Re: Sources of randomness
I'm puzzled by the implication that thermal noise or avalanche or Zener noise is somehow inferior to noise from radioactive sources. It's not. Take as an example Johnson noise, the voltage noise from a resistance. It's the result of the interaction of vast numbers of electrons. It is unpredictable in the same way that individual radioactive decay events are unpredictable, and they are both results of friendly quantum mechanics. Small biases/interferences that come from nonideally sampling such voltages do not matter, since the entropy is still 1-epsilon bits per sample (more for nonbinary samples). There is no "chink in the armor" available for cryptanalysis---the user need only acquire N*(1+epsilon) random bits rather than N bits. The video-snow-noise described by Tim May is mostly Johnson noise in the low-noise-amplifier electonics, not atmospheric or ionospheric noise, at least above 50 MHz or so. Cheers, Peter Monta pmonta@qualcomm.com Qualcomm, Inc./Globalstar
Peter Monta writes:
I'm puzzled by the implication that thermal noise or avalanche or Zener noise is somehow inferior to noise from radioactive sources. It's not.

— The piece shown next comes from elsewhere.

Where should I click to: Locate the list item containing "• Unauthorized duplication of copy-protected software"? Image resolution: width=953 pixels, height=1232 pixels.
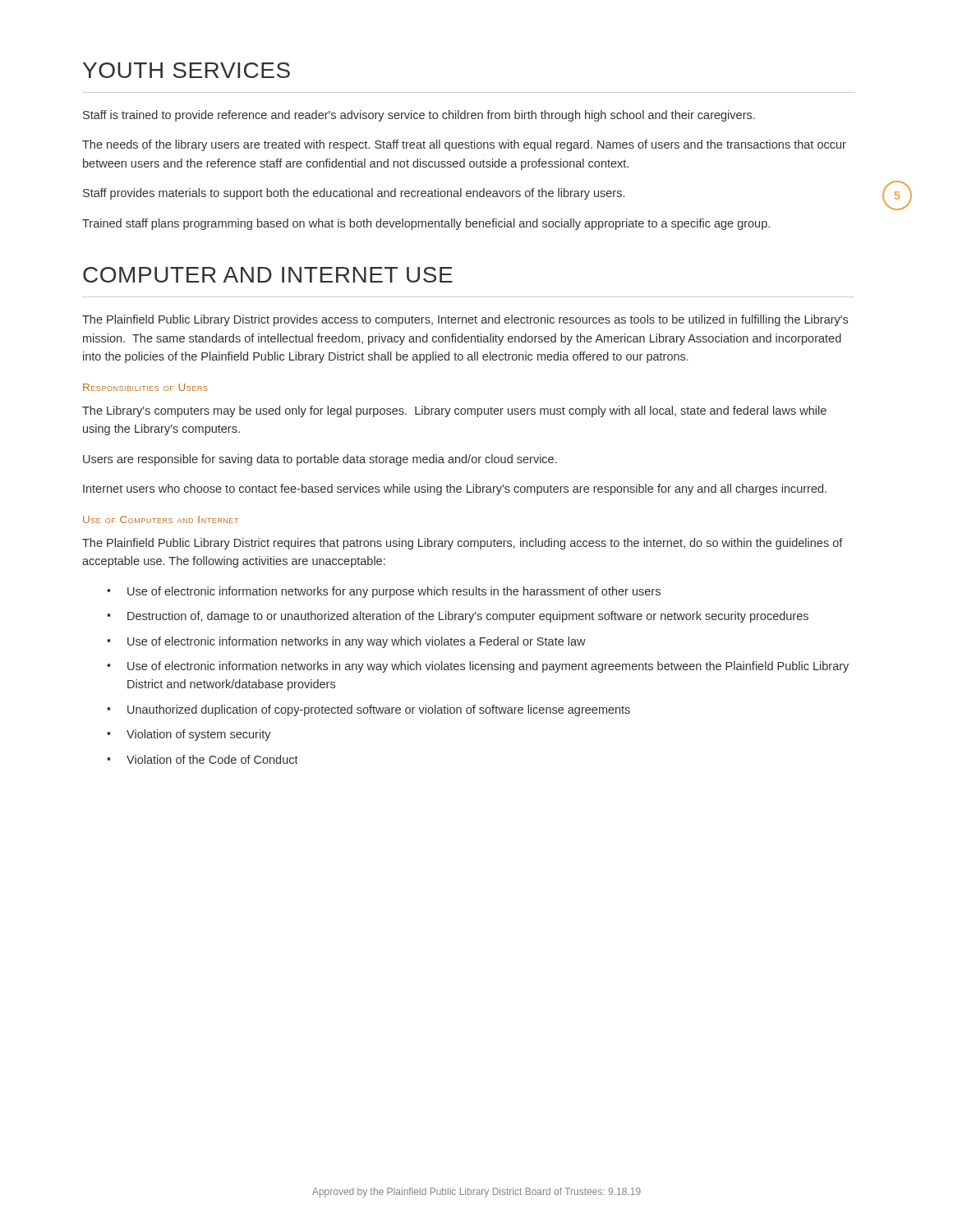(468, 710)
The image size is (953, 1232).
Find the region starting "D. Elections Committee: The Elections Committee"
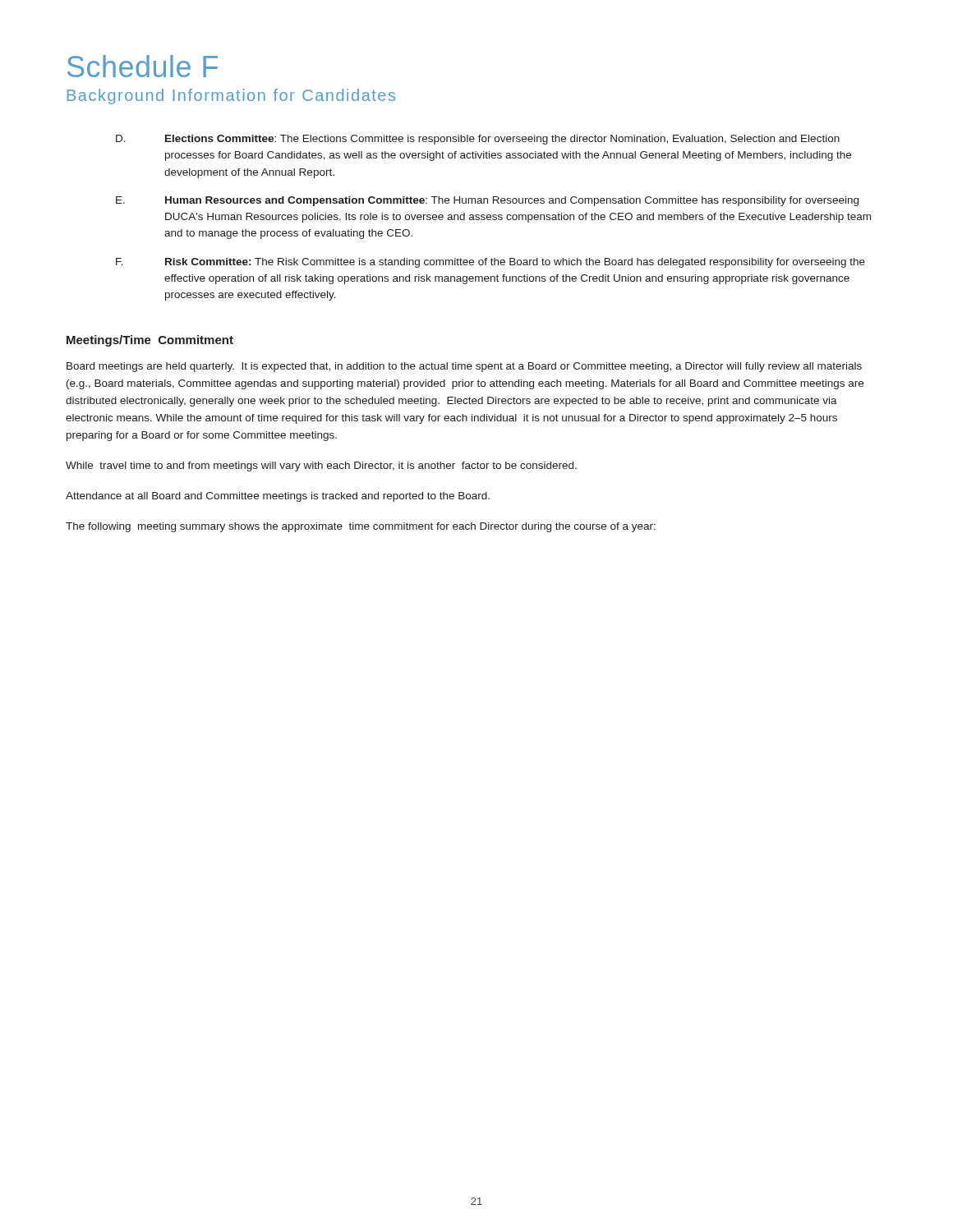[x=501, y=156]

I didn't contend that its inferior. I contended that its difficult to distinguish from sources of electronic interference and is easy to get wrong.
Take as an example Johnson noise, the voltage noise from a resistance. It's the result of the interaction of vast numbers of electrons. It is unpredictable in the same way that individual radioactive decay events are unpredictable, and they are both results of friendly quantum mechanics.
However, its very easy to be sure that the event in a radiation detector was a radioactive decay event. It takes expertise to make sure that the noise you hear off a noisy circuit isn't just interference from other parts of the machine feeding back into the circuit. The reason I like radioactive sources is that they are simple and unambiguous in this way. Someone can gimmick a zener diode or get it "wrong" a lot more easily than they can get a radation event wrong. Perry
On Fri, 3 Nov 1995, Peter Monta wrote:
I'm puzzled by the implication that thermal noise or avalanche or Zener noise is somehow inferior to noise from radioactive sources. It's not.
How much do the appropriate Zener diodes (it *is* diodes we're talking about, right?) cost? Are these things widely available? (sorry I really don't remember my electronics lessons) How would you get your first two sources? (the thermal and avalanche)
participants (3)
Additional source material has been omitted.